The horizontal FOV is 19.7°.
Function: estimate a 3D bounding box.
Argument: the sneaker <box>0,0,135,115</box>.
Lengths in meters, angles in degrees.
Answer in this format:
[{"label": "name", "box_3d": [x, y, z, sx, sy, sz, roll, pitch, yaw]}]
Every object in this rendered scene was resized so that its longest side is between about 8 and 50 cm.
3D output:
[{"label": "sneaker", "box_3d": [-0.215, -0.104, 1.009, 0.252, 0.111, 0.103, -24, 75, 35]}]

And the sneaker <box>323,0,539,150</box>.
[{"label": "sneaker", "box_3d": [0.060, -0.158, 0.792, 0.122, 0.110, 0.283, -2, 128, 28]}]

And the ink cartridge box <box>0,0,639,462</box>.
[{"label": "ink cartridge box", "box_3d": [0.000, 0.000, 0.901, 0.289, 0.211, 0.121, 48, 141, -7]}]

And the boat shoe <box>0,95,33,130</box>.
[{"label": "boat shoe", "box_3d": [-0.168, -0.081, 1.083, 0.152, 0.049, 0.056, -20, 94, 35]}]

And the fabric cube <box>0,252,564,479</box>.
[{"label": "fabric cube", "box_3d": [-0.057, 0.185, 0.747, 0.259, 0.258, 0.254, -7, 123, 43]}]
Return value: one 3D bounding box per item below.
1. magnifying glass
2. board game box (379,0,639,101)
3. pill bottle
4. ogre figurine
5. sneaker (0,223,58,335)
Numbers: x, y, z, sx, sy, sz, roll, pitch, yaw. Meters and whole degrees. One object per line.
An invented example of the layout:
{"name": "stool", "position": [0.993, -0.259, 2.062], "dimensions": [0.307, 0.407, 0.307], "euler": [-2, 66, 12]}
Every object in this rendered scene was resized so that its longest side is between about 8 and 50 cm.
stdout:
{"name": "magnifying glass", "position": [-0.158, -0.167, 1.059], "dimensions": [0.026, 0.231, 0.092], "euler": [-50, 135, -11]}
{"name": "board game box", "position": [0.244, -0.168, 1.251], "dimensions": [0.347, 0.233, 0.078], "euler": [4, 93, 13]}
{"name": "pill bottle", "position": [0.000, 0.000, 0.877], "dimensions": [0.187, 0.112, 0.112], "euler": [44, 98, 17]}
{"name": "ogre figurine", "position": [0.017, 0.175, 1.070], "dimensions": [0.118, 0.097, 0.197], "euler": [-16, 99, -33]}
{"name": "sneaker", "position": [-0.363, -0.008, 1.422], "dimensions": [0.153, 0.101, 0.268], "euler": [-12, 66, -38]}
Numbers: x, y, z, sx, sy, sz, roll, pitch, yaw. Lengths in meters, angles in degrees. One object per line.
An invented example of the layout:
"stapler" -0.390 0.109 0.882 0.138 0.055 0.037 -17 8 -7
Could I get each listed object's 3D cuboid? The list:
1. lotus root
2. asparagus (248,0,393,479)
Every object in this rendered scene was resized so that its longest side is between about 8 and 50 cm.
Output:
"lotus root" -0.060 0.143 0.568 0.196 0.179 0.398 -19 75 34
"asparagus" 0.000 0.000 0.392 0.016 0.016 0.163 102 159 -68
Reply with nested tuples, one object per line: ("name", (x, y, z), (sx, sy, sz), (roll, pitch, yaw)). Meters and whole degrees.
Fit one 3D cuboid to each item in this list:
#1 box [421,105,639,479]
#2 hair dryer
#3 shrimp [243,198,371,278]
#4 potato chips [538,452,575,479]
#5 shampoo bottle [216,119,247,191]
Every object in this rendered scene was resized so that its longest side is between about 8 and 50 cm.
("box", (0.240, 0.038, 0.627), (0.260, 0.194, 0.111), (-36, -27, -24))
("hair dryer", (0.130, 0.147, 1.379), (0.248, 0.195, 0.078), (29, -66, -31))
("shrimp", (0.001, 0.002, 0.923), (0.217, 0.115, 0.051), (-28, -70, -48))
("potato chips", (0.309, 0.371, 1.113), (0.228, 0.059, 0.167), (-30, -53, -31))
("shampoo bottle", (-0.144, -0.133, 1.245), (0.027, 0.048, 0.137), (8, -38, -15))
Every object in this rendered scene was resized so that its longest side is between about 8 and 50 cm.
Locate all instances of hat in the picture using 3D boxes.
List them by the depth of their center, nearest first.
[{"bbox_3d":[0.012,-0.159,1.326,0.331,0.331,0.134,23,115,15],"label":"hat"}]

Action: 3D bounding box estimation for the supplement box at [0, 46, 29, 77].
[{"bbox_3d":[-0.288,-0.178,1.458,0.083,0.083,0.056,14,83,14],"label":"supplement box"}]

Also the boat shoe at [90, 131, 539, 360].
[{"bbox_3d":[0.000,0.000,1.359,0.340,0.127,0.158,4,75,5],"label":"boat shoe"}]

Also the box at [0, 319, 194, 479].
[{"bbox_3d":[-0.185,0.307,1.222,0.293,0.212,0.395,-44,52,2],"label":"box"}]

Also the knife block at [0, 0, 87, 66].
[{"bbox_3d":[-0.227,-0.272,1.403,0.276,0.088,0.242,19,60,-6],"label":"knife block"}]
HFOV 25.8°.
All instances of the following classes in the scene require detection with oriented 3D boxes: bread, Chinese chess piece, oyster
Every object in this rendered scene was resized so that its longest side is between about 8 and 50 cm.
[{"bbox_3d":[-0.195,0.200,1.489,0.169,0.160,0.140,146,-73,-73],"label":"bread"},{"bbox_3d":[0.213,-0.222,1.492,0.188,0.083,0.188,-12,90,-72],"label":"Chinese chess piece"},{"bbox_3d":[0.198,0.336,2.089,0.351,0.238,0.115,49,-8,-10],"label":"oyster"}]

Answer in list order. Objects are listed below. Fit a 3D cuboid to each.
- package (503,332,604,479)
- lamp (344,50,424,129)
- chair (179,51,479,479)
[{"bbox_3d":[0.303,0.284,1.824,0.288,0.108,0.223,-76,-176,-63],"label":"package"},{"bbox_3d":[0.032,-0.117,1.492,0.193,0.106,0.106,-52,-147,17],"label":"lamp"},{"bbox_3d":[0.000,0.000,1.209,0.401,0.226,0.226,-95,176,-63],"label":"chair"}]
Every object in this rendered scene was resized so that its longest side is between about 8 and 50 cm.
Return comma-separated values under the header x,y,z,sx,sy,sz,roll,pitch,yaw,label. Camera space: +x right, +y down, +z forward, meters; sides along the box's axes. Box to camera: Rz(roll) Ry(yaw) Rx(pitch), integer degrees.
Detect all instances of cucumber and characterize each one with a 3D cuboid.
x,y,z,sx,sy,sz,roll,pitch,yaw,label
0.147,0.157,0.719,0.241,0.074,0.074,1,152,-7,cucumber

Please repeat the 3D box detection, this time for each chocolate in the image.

§ §

- [WHAT YOU WILL DO]:
Give every line of the material again, exactly.

- [ANSWER SECTION]:
The horizontal FOV is 19.7°.
Function: estimate a 3D bounding box.
Argument: the sneaker <box>0,0,135,115</box>.
Lengths in meters, angles in degrees.
Answer in this format:
[{"label": "name", "box_3d": [x, y, z, sx, sy, sz, roll, pitch, yaw]}]
Every object in this rendered scene was resized so that its longest side is between about 8 and 50 cm.
3D output:
[{"label": "sneaker", "box_3d": [-0.215, -0.104, 1.009, 0.252, 0.111, 0.103, -24, 75, 35]}]

And the sneaker <box>323,0,539,150</box>.
[{"label": "sneaker", "box_3d": [0.060, -0.158, 0.792, 0.122, 0.110, 0.283, -2, 128, 28]}]

And the ink cartridge box <box>0,0,639,462</box>.
[{"label": "ink cartridge box", "box_3d": [0.000, 0.000, 0.901, 0.289, 0.211, 0.121, 48, 141, -7]}]

And the boat shoe <box>0,95,33,130</box>.
[{"label": "boat shoe", "box_3d": [-0.168, -0.081, 1.083, 0.152, 0.049, 0.056, -20, 94, 35]}]

And the fabric cube <box>0,252,564,479</box>.
[{"label": "fabric cube", "box_3d": [-0.057, 0.185, 0.747, 0.259, 0.258, 0.254, -7, 123, 43]}]
Return value: one 3D bounding box per item below.
1. magnifying glass
2. board game box (379,0,639,101)
3. pill bottle
4. ogre figurine
5. sneaker (0,223,58,335)
Numbers: x, y, z, sx, sy, sz, roll, pitch, yaw. Meters and whole degrees. One object per line.
An invented example of the layout:
{"name": "stool", "position": [0.993, -0.259, 2.062], "dimensions": [0.307, 0.407, 0.307], "euler": [-2, 66, 12]}
Every object in this rendered scene was resized so that its longest side is between about 8 and 50 cm.
stdout:
{"name": "magnifying glass", "position": [-0.158, -0.167, 1.059], "dimensions": [0.026, 0.231, 0.092], "euler": [-50, 135, -11]}
{"name": "board game box", "position": [0.244, -0.168, 1.251], "dimensions": [0.347, 0.233, 0.078], "euler": [4, 93, 13]}
{"name": "pill bottle", "position": [0.000, 0.000, 0.877], "dimensions": [0.187, 0.112, 0.112], "euler": [44, 98, 17]}
{"name": "ogre figurine", "position": [0.017, 0.175, 1.070], "dimensions": [0.118, 0.097, 0.197], "euler": [-16, 99, -33]}
{"name": "sneaker", "position": [-0.363, -0.008, 1.422], "dimensions": [0.153, 0.101, 0.268], "euler": [-12, 66, -38]}
Numbers: x, y, z, sx, sy, sz, roll, pitch, yaw. Lengths in meters, angles in degrees. One object per line.
An invented example of the layout:
"stapler" -0.390 0.109 0.882 0.138 0.055 0.037 -17 8 -7
Could I get each listed object's 3D cuboid? The list:
1. lotus root
2. asparagus (248,0,393,479)
Every object in this rendered scene was resized so that its longest side is between about 8 and 50 cm.
Output:
"lotus root" -0.060 0.143 0.568 0.196 0.179 0.398 -19 75 34
"asparagus" 0.000 0.000 0.392 0.016 0.016 0.163 102 159 -68
Reply with nested tuples, one object per line: ("name", (x, y, z), (sx, sy, sz), (roll, pitch, yaw)). Meters and whole degrees.
Fit one 3D cuboid to each item in this list:
#1 box [421,105,639,479]
#2 hair dryer
#3 shrimp [243,198,371,278]
#4 potato chips [538,452,575,479]
#5 shampoo bottle [216,119,247,191]
Every object in this rendered scene was resized so that its longest side is between about 8 and 50 cm.
("box", (0.240, 0.038, 0.627), (0.260, 0.194, 0.111), (-36, -27, -24))
("hair dryer", (0.130, 0.147, 1.379), (0.248, 0.195, 0.078), (29, -66, -31))
("shrimp", (0.001, 0.002, 0.923), (0.217, 0.115, 0.051), (-28, -70, -48))
("potato chips", (0.309, 0.371, 1.113), (0.228, 0.059, 0.167), (-30, -53, -31))
("shampoo bottle", (-0.144, -0.133, 1.245), (0.027, 0.048, 0.137), (8, -38, -15))
Every object in this rendered scene was resized so that its longest side is between about 8 and 50 cm.
Locate all instances of hat in the picture using 3D boxes.
List them by the depth of their center, nearest first.
[{"bbox_3d":[0.012,-0.159,1.326,0.331,0.331,0.134,23,115,15],"label":"hat"}]

Action: 3D bounding box estimation for the supplement box at [0, 46, 29, 77].
[{"bbox_3d":[-0.288,-0.178,1.458,0.083,0.083,0.056,14,83,14],"label":"supplement box"}]

Also the boat shoe at [90, 131, 539, 360].
[{"bbox_3d":[0.000,0.000,1.359,0.340,0.127,0.158,4,75,5],"label":"boat shoe"}]

Also the box at [0, 319, 194, 479].
[{"bbox_3d":[-0.185,0.307,1.222,0.293,0.212,0.395,-44,52,2],"label":"box"}]

Also the knife block at [0, 0, 87, 66].
[{"bbox_3d":[-0.227,-0.272,1.403,0.276,0.088,0.242,19,60,-6],"label":"knife block"}]
HFOV 25.8°.
All instances of the following classes in the scene require detection with oriented 3D boxes: bread, Chinese chess piece, oyster
Every object in this rendered scene was resized so that its longest side is between about 8 and 50 cm.
[{"bbox_3d":[-0.195,0.200,1.489,0.169,0.160,0.140,146,-73,-73],"label":"bread"},{"bbox_3d":[0.213,-0.222,1.492,0.188,0.083,0.188,-12,90,-72],"label":"Chinese chess piece"},{"bbox_3d":[0.198,0.336,2.089,0.351,0.238,0.115,49,-8,-10],"label":"oyster"}]

Answer in list order. Objects are listed below. Fit a 3D cuboid to each.
- package (503,332,604,479)
- lamp (344,50,424,129)
- chair (179,51,479,479)
[{"bbox_3d":[0.303,0.284,1.824,0.288,0.108,0.223,-76,-176,-63],"label":"package"},{"bbox_3d":[0.032,-0.117,1.492,0.193,0.106,0.106,-52,-147,17],"label":"lamp"},{"bbox_3d":[0.000,0.000,1.209,0.401,0.226,0.226,-95,176,-63],"label":"chair"}]
Every object in this rendered scene was resized so that its longest side is between about 8 and 50 cm.
Return comma-separated values under the header x,y,z,sx,sy,sz,roll,pitch,yaw,label. Camera space: +x right, +y down, +z forward, meters; sides along the box's axes. Box to camera: Rz(roll) Ry(yaw) Rx(pitch), integer degrees.
Detect all instances of cucumber and characterize each one with a 3D cuboid.
x,y,z,sx,sy,sz,roll,pitch,yaw,label
0.147,0.157,0.719,0.241,0.074,0.074,1,152,-7,cucumber

Please repeat the 3D box detection, this time for each chocolate in the image.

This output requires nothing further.